(Exercise input begins)

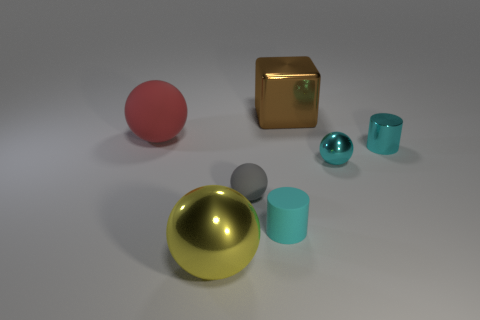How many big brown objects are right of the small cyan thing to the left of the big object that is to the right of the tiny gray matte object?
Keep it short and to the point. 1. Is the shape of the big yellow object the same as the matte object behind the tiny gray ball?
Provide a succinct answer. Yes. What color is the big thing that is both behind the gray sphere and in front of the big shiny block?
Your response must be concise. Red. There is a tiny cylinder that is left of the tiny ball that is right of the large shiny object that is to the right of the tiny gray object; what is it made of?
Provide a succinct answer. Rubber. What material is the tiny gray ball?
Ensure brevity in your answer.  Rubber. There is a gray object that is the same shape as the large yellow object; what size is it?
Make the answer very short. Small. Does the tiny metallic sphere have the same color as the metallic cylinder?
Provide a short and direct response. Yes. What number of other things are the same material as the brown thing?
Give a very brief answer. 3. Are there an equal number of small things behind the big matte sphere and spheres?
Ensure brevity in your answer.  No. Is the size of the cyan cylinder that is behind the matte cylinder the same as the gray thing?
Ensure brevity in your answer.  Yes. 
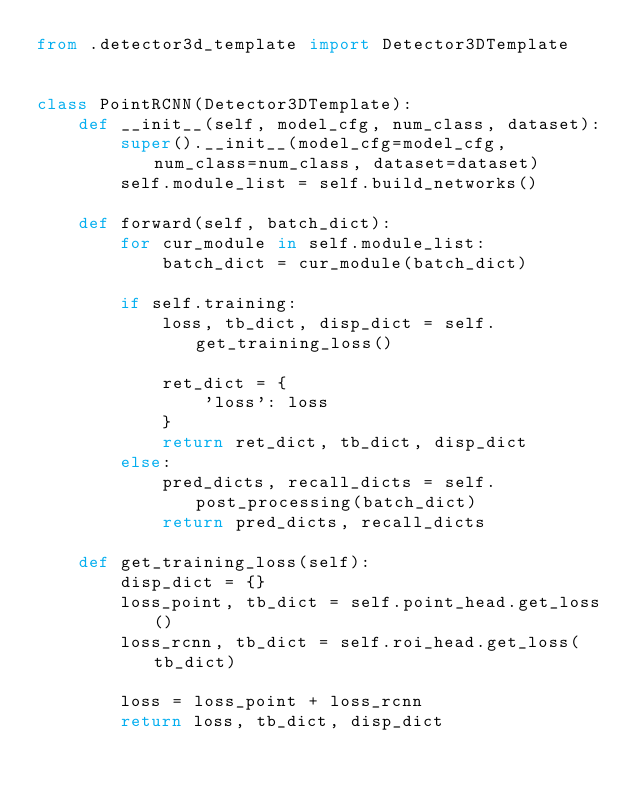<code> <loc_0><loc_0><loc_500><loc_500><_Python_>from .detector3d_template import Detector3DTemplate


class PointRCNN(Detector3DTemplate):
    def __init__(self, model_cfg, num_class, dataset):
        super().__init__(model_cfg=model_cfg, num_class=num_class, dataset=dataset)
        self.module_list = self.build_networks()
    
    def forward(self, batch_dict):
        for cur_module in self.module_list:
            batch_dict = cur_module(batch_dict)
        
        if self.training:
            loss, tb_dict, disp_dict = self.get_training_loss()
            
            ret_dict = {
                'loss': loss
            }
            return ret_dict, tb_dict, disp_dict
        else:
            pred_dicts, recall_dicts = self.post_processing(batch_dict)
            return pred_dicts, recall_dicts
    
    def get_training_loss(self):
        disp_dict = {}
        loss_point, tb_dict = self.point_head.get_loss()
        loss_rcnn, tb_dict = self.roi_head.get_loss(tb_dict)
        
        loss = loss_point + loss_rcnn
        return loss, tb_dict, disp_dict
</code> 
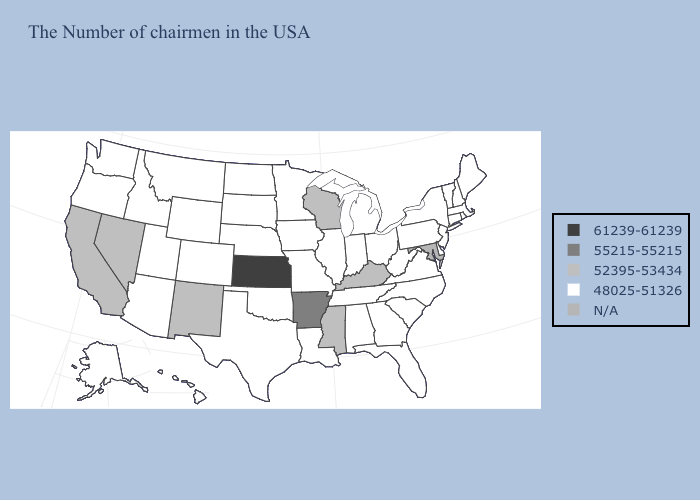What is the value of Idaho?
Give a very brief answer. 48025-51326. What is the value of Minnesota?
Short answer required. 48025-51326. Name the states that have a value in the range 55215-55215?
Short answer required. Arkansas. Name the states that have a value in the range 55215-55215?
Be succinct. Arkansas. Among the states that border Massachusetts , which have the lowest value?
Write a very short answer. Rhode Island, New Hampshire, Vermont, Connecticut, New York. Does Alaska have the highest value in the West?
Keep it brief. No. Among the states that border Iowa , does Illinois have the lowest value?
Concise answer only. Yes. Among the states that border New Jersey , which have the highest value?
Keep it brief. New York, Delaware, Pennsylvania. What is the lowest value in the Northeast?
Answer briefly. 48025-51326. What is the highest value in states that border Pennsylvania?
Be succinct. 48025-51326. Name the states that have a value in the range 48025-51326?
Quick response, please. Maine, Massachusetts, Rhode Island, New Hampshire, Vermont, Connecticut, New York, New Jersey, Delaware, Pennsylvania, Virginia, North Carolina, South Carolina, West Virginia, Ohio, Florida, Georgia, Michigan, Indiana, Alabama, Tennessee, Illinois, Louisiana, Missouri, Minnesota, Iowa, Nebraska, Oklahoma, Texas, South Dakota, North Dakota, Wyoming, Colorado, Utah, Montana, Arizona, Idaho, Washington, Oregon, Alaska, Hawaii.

(Exercise input ends)
(Exercise input begins)

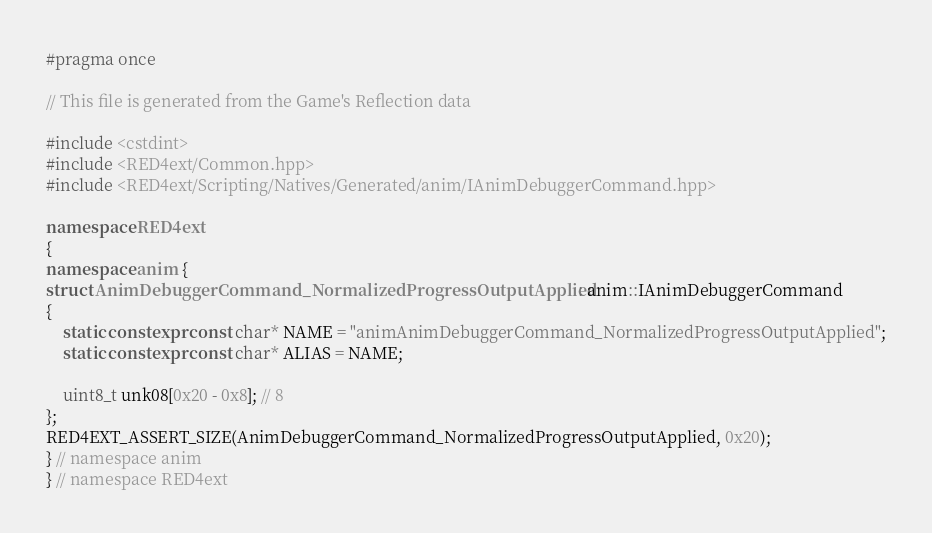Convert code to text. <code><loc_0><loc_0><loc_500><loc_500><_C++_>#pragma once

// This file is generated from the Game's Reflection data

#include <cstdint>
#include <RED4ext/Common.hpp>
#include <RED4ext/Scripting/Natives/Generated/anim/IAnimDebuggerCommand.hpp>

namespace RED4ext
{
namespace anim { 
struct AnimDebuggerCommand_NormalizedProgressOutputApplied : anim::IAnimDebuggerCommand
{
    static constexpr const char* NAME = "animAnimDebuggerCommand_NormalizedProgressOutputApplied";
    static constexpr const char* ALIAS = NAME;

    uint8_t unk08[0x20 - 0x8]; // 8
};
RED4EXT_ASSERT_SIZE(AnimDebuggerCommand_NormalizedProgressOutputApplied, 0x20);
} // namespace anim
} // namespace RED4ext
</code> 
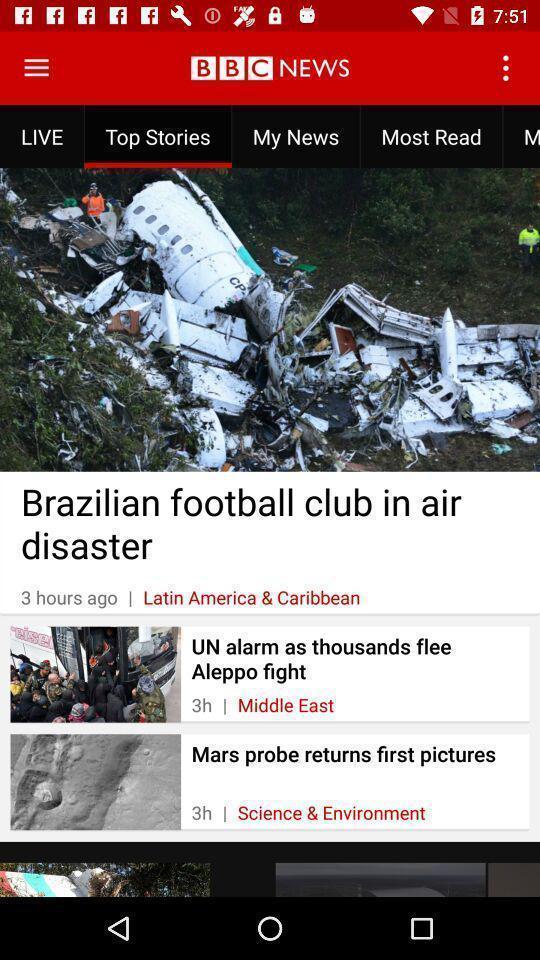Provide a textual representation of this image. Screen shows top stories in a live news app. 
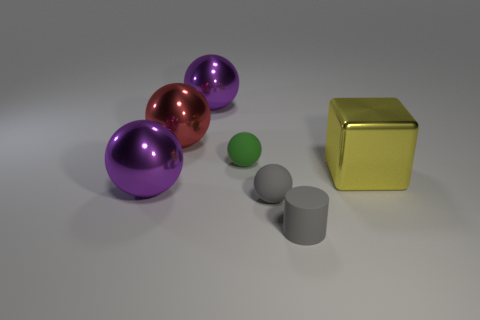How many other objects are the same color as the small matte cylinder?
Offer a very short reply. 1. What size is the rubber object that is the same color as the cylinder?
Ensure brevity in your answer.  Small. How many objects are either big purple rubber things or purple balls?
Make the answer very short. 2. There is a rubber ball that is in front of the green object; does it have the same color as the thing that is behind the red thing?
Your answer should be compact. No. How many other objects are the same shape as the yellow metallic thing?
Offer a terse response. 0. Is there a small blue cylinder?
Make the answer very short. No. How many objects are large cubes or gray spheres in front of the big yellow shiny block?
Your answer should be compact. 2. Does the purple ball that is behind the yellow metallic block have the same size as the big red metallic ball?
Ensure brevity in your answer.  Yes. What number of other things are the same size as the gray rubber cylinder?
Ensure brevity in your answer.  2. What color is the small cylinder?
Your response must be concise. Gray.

(Exercise input ends)

● **Task description**
Which lines of the entries above contain the word "Make"? Copy each of them.

● **Output**
Make the answer very short. Small. Does the tiny metallic sphere have the same color as the metallic cylinder?
Make the answer very short. 2. There is a rubber ball that is in front of the green object; does it have the same color as the thing that is behind the red thing?
Make the answer very short. No. How many objects are large cubes or gray spheres in front of the big yellow shiny block?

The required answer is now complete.